What to produce
Skip any image you find and restate the rest of the data word for word.
────────────────────
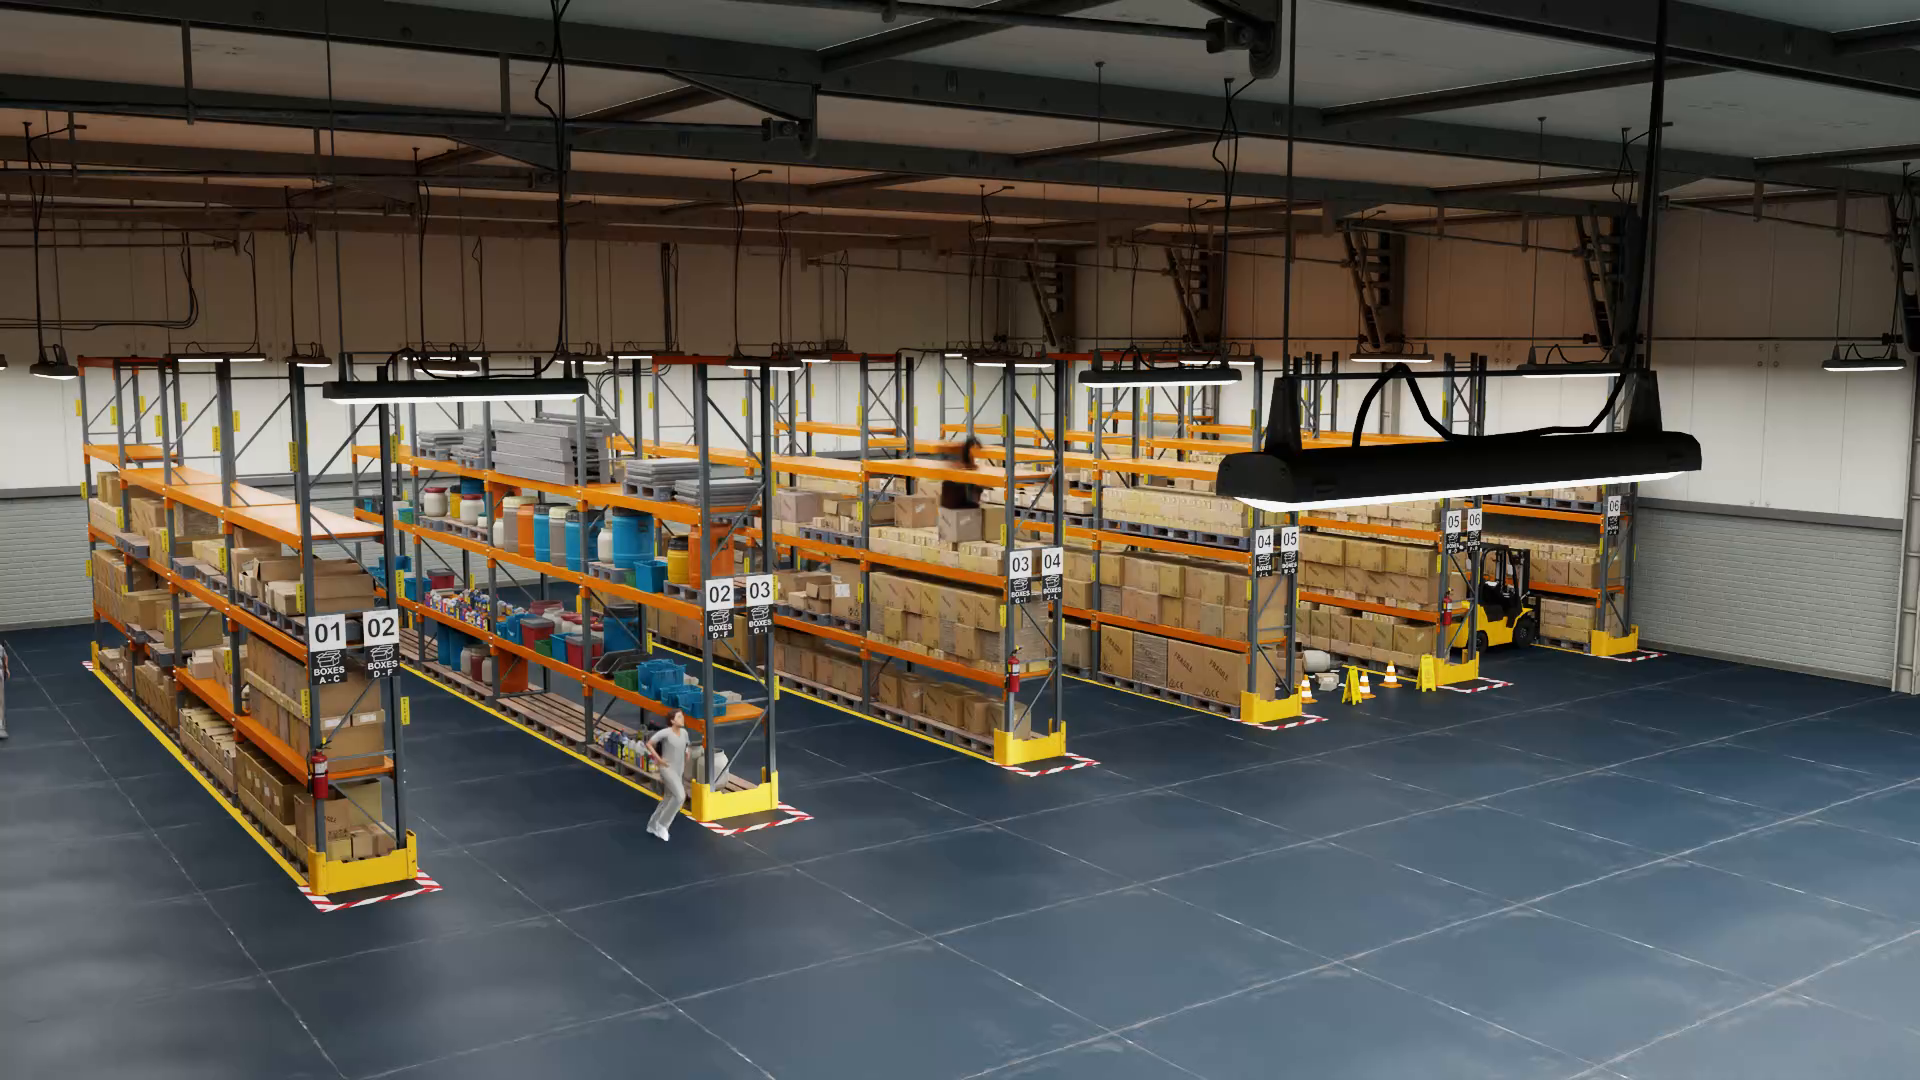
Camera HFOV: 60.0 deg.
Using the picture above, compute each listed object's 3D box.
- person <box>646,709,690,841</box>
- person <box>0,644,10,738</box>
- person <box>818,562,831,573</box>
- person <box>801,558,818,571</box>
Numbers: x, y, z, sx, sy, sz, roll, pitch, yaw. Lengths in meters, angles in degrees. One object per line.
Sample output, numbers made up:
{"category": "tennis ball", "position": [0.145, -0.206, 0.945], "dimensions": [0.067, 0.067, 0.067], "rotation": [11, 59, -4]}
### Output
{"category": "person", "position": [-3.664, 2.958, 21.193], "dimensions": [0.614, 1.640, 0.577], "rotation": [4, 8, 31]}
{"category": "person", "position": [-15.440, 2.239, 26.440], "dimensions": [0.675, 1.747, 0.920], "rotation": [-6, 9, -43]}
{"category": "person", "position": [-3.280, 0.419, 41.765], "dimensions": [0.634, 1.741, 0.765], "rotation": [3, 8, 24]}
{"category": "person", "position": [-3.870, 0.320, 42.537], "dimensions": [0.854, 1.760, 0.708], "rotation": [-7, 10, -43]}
────────────────────
Exercise result
Camera HFOV: 60.0 deg.
Using the picture above, compute each listed object's 3D box.
- person <box>646,709,690,841</box>
- person <box>0,644,10,738</box>
- person <box>818,562,831,573</box>
- person <box>801,558,818,571</box>
Numbers: x, y, z, sx, sy, sz, roll, pitch, yaw. Lengths in meters, angles in degrees. One object per line.
Sample output, numbers made up:
{"category": "tennis ball", "position": [0.145, -0.206, 0.945], "dimensions": [0.067, 0.067, 0.067], "rotation": [11, 59, -4]}
### Output
{"category": "person", "position": [-3.664, 2.958, 21.193], "dimensions": [0.614, 1.640, 0.577], "rotation": [4, 8, 31]}
{"category": "person", "position": [-15.440, 2.239, 26.440], "dimensions": [0.675, 1.747, 0.920], "rotation": [-6, 9, -43]}
{"category": "person", "position": [-3.280, 0.419, 41.765], "dimensions": [0.634, 1.741, 0.765], "rotation": [3, 8, 24]}
{"category": "person", "position": [-3.870, 0.320, 42.537], "dimensions": [0.854, 1.760, 0.708], "rotation": [-7, 10, -43]}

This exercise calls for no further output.